Naiad- This is a small naiad about one inch (21 to 24 mm) long. It has the typical slender shape of immature damselflies. They range in color from green to light brown.
Adult-This is a small damselfly 1 ¼ to 1 ½ inches (31 to 37 mm) long. The males are predominately blue on the sides of the thorax, and the upper side of the abdomen, except for segments five, six, seven, and ten, which are predominantly black. Females are pale blue to greenish-yellow. The upper side of the abdomen is mostly black, except for segment eight, which is blue.
This species is found from southern British Columbia east to Manitoba, and south to Kansas, Utah and Washington. In Idaho it occurs in the southern half of the state.

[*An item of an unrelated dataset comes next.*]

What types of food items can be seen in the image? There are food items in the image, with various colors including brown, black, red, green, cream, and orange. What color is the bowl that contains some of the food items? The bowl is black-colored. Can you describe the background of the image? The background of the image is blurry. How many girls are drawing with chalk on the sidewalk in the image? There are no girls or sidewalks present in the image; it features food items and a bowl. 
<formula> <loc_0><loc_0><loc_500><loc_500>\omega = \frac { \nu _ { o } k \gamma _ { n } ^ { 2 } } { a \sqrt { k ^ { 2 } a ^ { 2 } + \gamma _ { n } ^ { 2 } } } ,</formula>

This damselfly occurs at lakes, ponds, and marshes that have alkaline or even salty water.
Adult Flight Season:
June 24 to August 12
Naiad- Naiads eat a wide variety of aquatic insects, including mosquito larvae, mayfly larvae, and other aquatic fly larvae.

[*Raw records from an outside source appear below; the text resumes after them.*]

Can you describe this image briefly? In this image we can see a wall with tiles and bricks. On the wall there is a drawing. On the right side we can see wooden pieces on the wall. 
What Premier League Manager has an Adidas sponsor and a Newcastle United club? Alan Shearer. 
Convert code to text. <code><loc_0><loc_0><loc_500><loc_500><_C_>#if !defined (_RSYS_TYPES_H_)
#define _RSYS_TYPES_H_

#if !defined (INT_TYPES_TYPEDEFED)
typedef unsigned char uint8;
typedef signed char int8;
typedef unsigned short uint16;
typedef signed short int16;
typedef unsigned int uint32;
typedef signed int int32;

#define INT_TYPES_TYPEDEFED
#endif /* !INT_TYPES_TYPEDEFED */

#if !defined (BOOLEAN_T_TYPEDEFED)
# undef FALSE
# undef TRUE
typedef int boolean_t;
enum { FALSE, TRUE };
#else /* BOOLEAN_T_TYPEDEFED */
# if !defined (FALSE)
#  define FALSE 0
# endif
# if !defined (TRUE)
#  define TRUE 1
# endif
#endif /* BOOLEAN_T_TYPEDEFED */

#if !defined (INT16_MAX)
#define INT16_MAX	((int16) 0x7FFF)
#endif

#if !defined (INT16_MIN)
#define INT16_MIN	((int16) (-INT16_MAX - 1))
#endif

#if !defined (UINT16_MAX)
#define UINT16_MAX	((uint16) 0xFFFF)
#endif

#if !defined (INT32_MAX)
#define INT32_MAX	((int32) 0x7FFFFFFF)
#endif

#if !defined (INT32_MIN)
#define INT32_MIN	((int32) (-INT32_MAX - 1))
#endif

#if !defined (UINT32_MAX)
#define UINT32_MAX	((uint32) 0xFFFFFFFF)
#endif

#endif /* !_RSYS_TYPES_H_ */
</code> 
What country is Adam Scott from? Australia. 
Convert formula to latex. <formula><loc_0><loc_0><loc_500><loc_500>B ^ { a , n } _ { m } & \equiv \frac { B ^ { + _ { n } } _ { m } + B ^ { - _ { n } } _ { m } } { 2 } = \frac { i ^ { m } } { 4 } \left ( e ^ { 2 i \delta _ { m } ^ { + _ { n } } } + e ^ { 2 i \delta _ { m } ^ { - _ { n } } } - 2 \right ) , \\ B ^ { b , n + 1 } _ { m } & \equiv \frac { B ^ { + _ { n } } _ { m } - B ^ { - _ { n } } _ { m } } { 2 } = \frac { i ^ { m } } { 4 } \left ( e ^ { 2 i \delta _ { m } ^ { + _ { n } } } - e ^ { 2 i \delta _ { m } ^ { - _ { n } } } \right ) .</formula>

Adult- Adults eat a wide variety of small soft-bodied flying insects, such as mosquitoes, mayflies, flies and small moths. They will also pick small insects such as aphids from plants.
The Alkali Bluet is found near alkaline or salty lakes or marshes, and therefore it is common in southeast Idaho where these bodies of water are more common. The naiads have been found in water that has over half the salt content of seawater. The adults are difficult to net because they fly very close to the ground, and are more wary than most damselflies.
The males set up territories at choice breeding sites. After males and females mate, the female Alkali Bluet oviposits in tandem on floating mats of decaying algae.
Populations are widespread, abundant, and secure.
|Status:||Unprotected nongame species|
Corbet, P. S. 1999. Dragonflies: Behavior and Ecology of Odonata. Cornell University Press, Ithaca, New York, USA, 829pp.
Logan, E. R. 1967. The Odonata of Idaho. Unpublished M. S. thesis. University of Idaho, Moscow, Idaho, USA, 105 pp.
Needham, J. G. and M. J. Westfall. 1955. Dragonflies of North America. University of California Press, Berkely, California, USA, 615 pp.
Paulson, D. R. 1999. Dragonflies of Washington. Seattle Audubon Society, Seattle, Washington, USA, 32 pp.
Walker, E. M. and P. S. Corbet. 1975. The Odonata of Canada and Alaska, Vol. III. University of Toronto Press, Toronto, Ontario, Canada, 307 pp.